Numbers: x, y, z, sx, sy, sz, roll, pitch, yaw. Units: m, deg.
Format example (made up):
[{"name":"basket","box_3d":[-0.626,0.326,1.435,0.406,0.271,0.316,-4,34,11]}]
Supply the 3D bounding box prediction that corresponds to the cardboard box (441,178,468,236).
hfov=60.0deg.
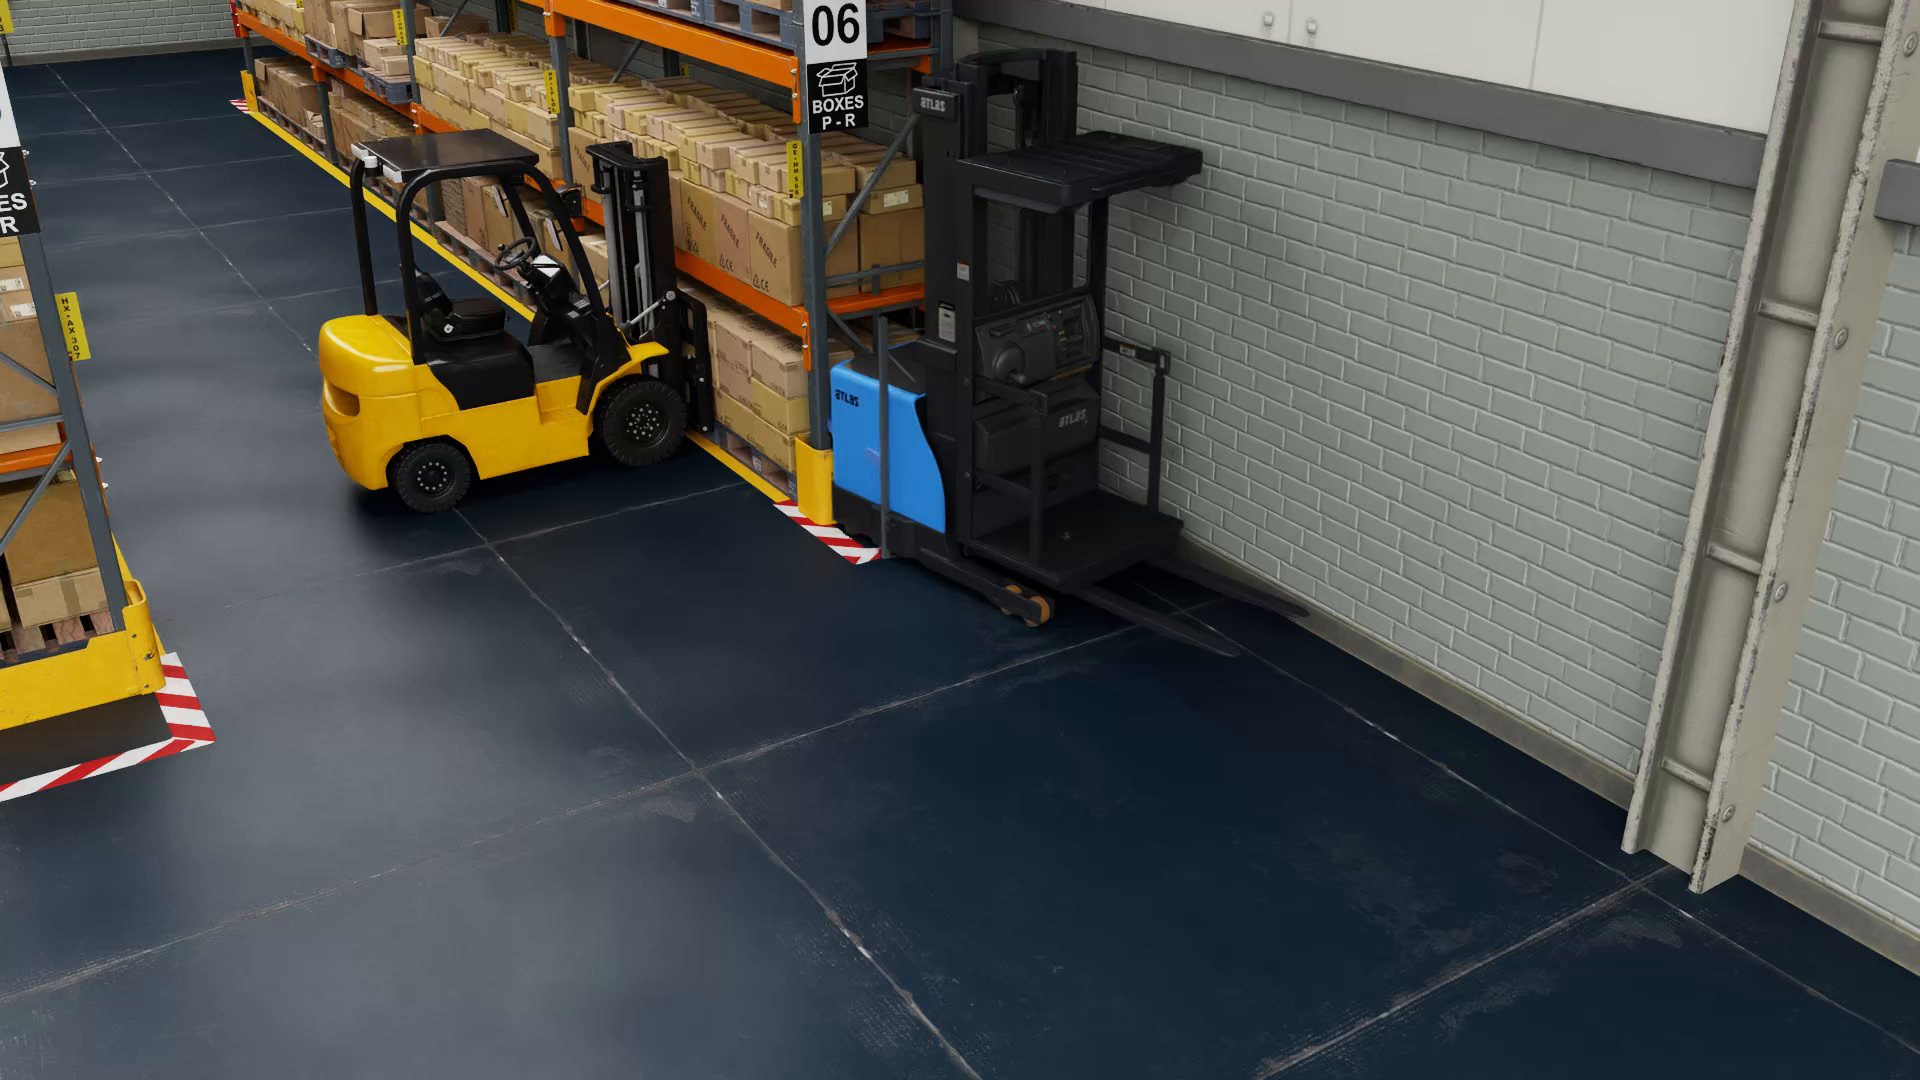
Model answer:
[{"name":"cardboard box","box_3d":[-4.530,-3.396,16.220,0.875,0.625,0.625,-15,29,-28]}]

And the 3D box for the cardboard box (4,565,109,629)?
[{"name":"cardboard box","box_3d":[-4.857,0.214,9.012,0.500,0.250,0.500,-16,30,-30]}]

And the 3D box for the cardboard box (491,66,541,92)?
[{"name":"cardboard box","box_3d":[-3.770,-3.935,14.194,0.380,0.149,0.250,-15,29,-29]}]

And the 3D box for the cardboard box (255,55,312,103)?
[{"name":"cardboard box","box_3d":[-8.972,-6.188,22.276,0.797,0.503,0.637,-17,30,-32]}]

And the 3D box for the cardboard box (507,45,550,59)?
[{"name":"cardboard box","box_3d":[-3.915,-4.418,15.218,0.380,0.149,0.250,-16,29,-30]}]

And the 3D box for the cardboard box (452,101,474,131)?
[{"name":"cardboard box","box_3d":[-4.264,-3.859,15.086,0.500,0.250,0.500,-17,30,-31]}]

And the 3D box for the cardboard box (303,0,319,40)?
[{"name":"cardboard box","box_3d":[-6.966,-5.947,18.724,0.700,0.500,0.500,-15,29,-28]}]

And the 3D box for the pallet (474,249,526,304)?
[{"name":"pallet","box_3d":[-3.781,-2.506,15.310,1.003,0.211,1.213,-16,29,-30]}]

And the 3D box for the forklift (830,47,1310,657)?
[{"name":"forklift","box_3d":[0.586,-1.094,9.135,1.130,2.935,3.031,-22,33,-39]}]

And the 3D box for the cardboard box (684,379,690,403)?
[{"name":"cardboard box","box_3d":[-1.845,-1.227,12.065,0.500,0.250,0.500,-15,29,-28]}]

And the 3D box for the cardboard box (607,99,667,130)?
[{"name":"cardboard box","box_3d":[-2.330,-3.088,12.051,0.380,0.149,0.250,-15,29,-28]}]

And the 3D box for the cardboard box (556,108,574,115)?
[{"name":"cardboard box","box_3d":[-3.048,-3.484,13.240,0.380,0.149,0.250,-14,29,-28]}]

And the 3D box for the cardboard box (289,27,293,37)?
[{"name":"cardboard box","box_3d":[-7.871,-6.154,20.066,0.380,0.149,0.250,-15,29,-28]}]

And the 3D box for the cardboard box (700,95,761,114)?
[{"name":"cardboard box","box_3d":[-1.676,-3.141,12.165,0.380,0.149,0.250,-16,30,-30]}]

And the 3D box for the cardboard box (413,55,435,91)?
[{"name":"cardboard box","box_3d":[-4.843,-4.443,15.738,0.500,0.250,0.500,-16,29,-30]}]

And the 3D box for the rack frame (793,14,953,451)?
[{"name":"rack frame","box_3d":[-0.492,-1.645,10.220,1.000,3.000,0.127,-16,29,-30]}]

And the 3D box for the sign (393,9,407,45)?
[{"name":"sign","box_3d":[-5.309,-4.864,15.776,0.100,0.325,0.005,-16,29,-30]}]

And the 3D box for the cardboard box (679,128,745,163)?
[{"name":"cardboard box","box_3d":[-1.645,-2.630,11.082,0.380,0.149,0.250,-15,29,-29]}]

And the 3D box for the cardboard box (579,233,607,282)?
[{"name":"cardboard box","box_3d":[-2.674,-2.228,13.013,0.500,0.250,0.500,-16,30,-30]}]

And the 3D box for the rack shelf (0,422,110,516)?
[{"name":"rack shelf","box_3d":[-5.741,-0.877,9.436,1.077,0.370,4.000,-16,29,-30]}]

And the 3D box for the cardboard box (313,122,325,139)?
[{"name":"cardboard box","box_3d":[-7.593,-4.968,20.108,0.380,0.149,0.250,-17,30,-31]}]

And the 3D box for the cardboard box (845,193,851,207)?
[{"name":"cardboard box","box_3d":[-0.648,-2.238,10.601,0.380,0.149,0.250,-16,29,-30]}]

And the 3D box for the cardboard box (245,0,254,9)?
[{"name":"cardboard box","box_3d":[-8.929,-7.029,21.453,0.500,0.250,0.500,-15,29,-29]}]

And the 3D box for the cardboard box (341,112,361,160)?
[{"name":"cardboard box","box_3d":[-6.668,-4.583,18.880,0.500,0.500,0.500,-16,30,-30]}]

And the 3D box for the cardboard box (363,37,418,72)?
[{"name":"cardboard box","box_3d":[-5.706,-4.930,16.864,0.500,0.250,0.500,-17,30,-32]}]

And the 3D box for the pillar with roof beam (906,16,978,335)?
[{"name":"pillar with roof beam","box_3d":[-3.724,-3.813,7.787,9.100,9.000,0.400,-16,29,-30]}]

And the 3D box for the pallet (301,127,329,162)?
[{"name":"pallet","box_3d":[-7.417,-4.922,20.428,1.003,0.211,1.213,-16,29,-30]}]

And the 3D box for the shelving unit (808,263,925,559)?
[{"name":"shelving unit","box_3d":[-0.487,-0.808,10.199,0.538,1.500,1.048,-13,28,-26]}]

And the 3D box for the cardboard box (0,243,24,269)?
[{"name":"cardboard box","box_3d":[-5.240,-1.267,8.954,0.500,0.500,0.500,-16,30,-31]}]

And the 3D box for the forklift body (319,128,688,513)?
[{"name":"forklift body","box_3d":[-3.056,-1.514,10.938,2.313,2.155,1.214,-16,29,-30]}]

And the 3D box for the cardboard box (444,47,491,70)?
[{"name":"cardboard box","box_3d":[-4.470,-4.390,15.159,0.380,0.149,0.250,-15,29,-29]}]

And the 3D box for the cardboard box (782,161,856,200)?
[{"name":"cardboard box","box_3d":[-0.864,-2.197,10.164,0.380,0.149,0.250,-15,29,-29]}]

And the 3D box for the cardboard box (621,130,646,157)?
[{"name":"cardboard box","box_3d":[-2.199,-2.860,11.918,0.380,0.149,0.250,-16,30,-30]}]

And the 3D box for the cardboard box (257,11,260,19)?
[{"name":"cardboard box","box_3d":[-8.840,-6.802,21.438,0.380,0.149,0.250,-15,29,-28]}]

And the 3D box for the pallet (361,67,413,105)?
[{"name":"pallet","box_3d":[-5.288,-4.645,16.801,1.213,0.211,1.003,-16,29,-30]}]

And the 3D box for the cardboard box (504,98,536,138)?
[{"name":"cardboard box","box_3d":[-3.445,-3.532,13.808,0.500,0.250,0.500,-16,30,-31]}]

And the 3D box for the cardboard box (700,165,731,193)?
[{"name":"cardboard box","box_3d":[-1.482,-2.409,10.963,0.380,0.149,0.250,-17,30,-31]}]

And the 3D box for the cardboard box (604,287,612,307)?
[{"name":"cardboard box","box_3d":[-2.394,-1.823,12.742,0.500,0.250,0.500,-16,29,-30]}]

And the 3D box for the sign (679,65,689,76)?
[{"name":"sign","box_3d":[-2.211,-3.633,13.324,0.100,0.325,0.005,-16,29,-30]}]

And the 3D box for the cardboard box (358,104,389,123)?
[{"name":"cardboard box","box_3d":[-6.438,-4.736,18.445,0.380,0.149,0.250,-16,29,-30]}]

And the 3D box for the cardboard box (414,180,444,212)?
[{"name":"cardboard box","box_3d":[-5.270,-3.667,16.940,0.500,0.500,0.500,-15,29,-28]}]

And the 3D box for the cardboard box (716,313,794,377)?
[{"name":"cardboard box","box_3d":[-1.288,-1.317,11.083,0.500,0.250,0.500,-15,29,-29]}]

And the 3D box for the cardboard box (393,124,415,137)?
[{"name":"cardboard box","box_3d":[-5.729,-4.276,17.471,0.380,0.149,0.250,-15,29,-28]}]

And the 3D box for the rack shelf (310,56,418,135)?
[{"name":"rack shelf","box_3d":[-5.951,-4.896,17.950,1.077,0.370,4.000,-16,29,-30]}]

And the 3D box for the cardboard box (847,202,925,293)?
[{"name":"cardboard box","box_3d":[-0.530,-1.932,10.711,0.500,0.500,0.500,-14,29,-28]}]

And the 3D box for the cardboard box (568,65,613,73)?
[{"name":"cardboard box","box_3d":[-3.197,-3.969,14.267,0.380,0.149,0.250,-16,29,-30]}]

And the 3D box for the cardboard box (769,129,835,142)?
[{"name":"cardboard box","box_3d":[-1.054,-2.661,11.147,0.380,0.149,0.250,-15,29,-28]}]

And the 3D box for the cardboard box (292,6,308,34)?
[{"name":"cardboard box","box_3d":[-7.525,-6.129,19.546,0.500,0.250,0.500,-15,29,-28]}]

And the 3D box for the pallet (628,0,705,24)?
[{"name":"pallet","box_3d":[-1.526,-3.657,11.073,1.003,0.211,1.213,-16,29,-30]}]

——

» **Exercise description**
The lines you need run from the one containing "And the 3D box for the cardboard box (292,6,308,34)?" to the end of the listing. Output exactly those, both ends included.

» **Reply**
And the 3D box for the cardboard box (292,6,308,34)?
[{"name":"cardboard box","box_3d":[-7.525,-6.129,19.546,0.500,0.250,0.500,-15,29,-28]}]

And the 3D box for the pallet (628,0,705,24)?
[{"name":"pallet","box_3d":[-1.526,-3.657,11.073,1.003,0.211,1.213,-16,29,-30]}]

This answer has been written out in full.